In [1]:
import numpy as np
import scipy as sp
from pathlib import Path

# Data loading

In [2]:
# Load all .mat files and extract relevant data
path = Path('.').glob('*.mat')
all_subjects = [sp.io.loadmat(f, squeeze_me=True)['subjectData'] for f in path]
subject_names = [s['subjectId'].item() for s in all_subjects]
columns = all_subjects[0].dtype.names
print("Columns: ", columns)
print("Subject Names: ", subject_names)
print("Loaded data for", len(all_subjects), "subjects.")
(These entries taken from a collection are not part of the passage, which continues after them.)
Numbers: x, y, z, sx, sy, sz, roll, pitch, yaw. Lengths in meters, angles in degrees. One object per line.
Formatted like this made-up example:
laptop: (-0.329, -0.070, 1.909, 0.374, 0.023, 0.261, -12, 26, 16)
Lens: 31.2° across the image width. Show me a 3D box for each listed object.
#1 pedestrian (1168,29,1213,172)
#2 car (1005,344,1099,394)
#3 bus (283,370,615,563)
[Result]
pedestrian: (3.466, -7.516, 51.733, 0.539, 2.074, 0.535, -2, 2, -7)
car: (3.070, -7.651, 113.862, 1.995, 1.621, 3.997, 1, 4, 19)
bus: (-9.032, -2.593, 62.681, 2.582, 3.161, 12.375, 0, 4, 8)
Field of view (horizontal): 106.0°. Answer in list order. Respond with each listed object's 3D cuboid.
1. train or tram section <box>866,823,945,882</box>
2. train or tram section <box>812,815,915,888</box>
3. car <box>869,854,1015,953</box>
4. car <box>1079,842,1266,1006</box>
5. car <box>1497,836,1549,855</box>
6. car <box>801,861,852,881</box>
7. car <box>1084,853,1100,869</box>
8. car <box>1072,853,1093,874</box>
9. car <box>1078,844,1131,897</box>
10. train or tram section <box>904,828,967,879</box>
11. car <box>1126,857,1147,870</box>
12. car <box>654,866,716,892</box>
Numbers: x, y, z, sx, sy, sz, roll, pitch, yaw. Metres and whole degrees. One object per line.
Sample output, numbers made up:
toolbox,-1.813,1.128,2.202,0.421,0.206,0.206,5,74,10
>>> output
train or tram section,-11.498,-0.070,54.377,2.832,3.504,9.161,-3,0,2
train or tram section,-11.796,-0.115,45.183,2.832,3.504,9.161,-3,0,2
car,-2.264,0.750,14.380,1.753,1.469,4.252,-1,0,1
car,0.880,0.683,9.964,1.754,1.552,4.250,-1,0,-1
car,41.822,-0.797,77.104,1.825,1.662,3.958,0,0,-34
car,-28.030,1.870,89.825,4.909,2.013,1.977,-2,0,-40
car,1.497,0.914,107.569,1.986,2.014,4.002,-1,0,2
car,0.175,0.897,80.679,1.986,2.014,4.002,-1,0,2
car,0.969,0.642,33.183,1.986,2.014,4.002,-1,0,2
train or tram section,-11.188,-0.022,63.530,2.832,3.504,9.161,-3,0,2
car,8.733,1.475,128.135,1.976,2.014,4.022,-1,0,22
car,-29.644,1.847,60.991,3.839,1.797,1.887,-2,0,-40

Columns:  ('INIT_DELAY', 'MI_DURATION', 'subjectId', 'fs', 'trialsData', 'trialsLabels')
Subject Names:  ['PAT021_A', 'PATID15', 'PATID16', 'PATID26', 'PAT013', 'PAT015']
Loaded data for 6 subjects.


In [3]:
# Assert that certain fields are consistent across all subjects in order to discard them
for field in ['INIT_DELAY', 'MI_DURATION', 'fs']:
    assert all(s[field] == all_subjects[0][field] for s in all_subjects)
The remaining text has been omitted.